5. The deep learning based image segment hash ordering method according to claim 4, wherein the specific process of the step S4 is:

s41: storing the trained ResNet-50 model;

6. The deep learning based image segmentation hash sorting method according to claim 5, wherein in step S12, the feature extraction process is as follows:

7. The image segmentation hash ordering method based on deep learning of claim 6, wherein in step S32, in the training process of the G network, a dense triple loss is used as a loss function, wherein a distance metric function in the triple loss is a new segmentation hash distance metric, and the dense triple loss function is defined as follows:

Loss＝||output_a-output_p||_H-||output_a-output_n||_H+Margin

wherein output_aIs an anchor point, output_pIs a positive sample, output_nFor negative examples, positive and negative examples are no longer just samples of the same or different classes as the anchor point, but positive examples can constitute triples as long as they are semantically closer to the anchor point than negative examples, and semantic distances between classes are represented by calculating word-embedding distances of tagged words.

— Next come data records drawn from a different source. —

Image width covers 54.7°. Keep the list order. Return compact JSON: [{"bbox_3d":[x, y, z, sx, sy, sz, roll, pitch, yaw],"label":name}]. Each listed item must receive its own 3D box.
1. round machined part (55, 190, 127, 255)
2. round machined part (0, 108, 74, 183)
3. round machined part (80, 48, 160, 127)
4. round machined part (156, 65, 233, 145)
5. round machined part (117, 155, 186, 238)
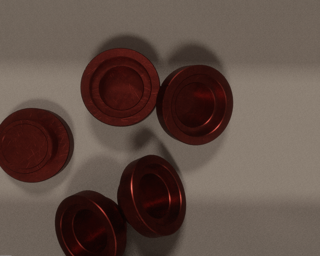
[{"bbox_3d":[-0.081,0.125,0.388,0.098,0.042,0.097,5,101,29],"label":"round machined part"},{"bbox_3d":[-0.166,0.023,0.401,0.099,0.042,0.097,0,90,-1],"label":"round machined part"},{"bbox_3d":[-0.049,-0.050,0.402,0.099,0.042,0.097,0,90,0],"label":"round machined part"},{"bbox_3d":[0.040,-0.030,0.392,0.099,0.042,0.097,-4,100,-23],"label":"round machined part"},{"bbox_3d":[-0.014,0.086,0.385,0.042,0.099,0.098,-26,90,35],"label":"round machined part"}]

8. The deep learning-based image segmentation hash sorting method according to claim 7, wherein designed | · | | | computationally_HIn order to measure the segment hash distance, the segment hash distance measure is adopted, after segmentation, the high-order distances have 33 possibilities, the low-order distances also have 33 possibilities, and the weights of the high-order distances and the low-order distances are different, 1089 possible distances can be generated, namely 1089 similarities exist, so that the problem of insufficient similarity is solved on the basis of not increasing the number of bits and parameters.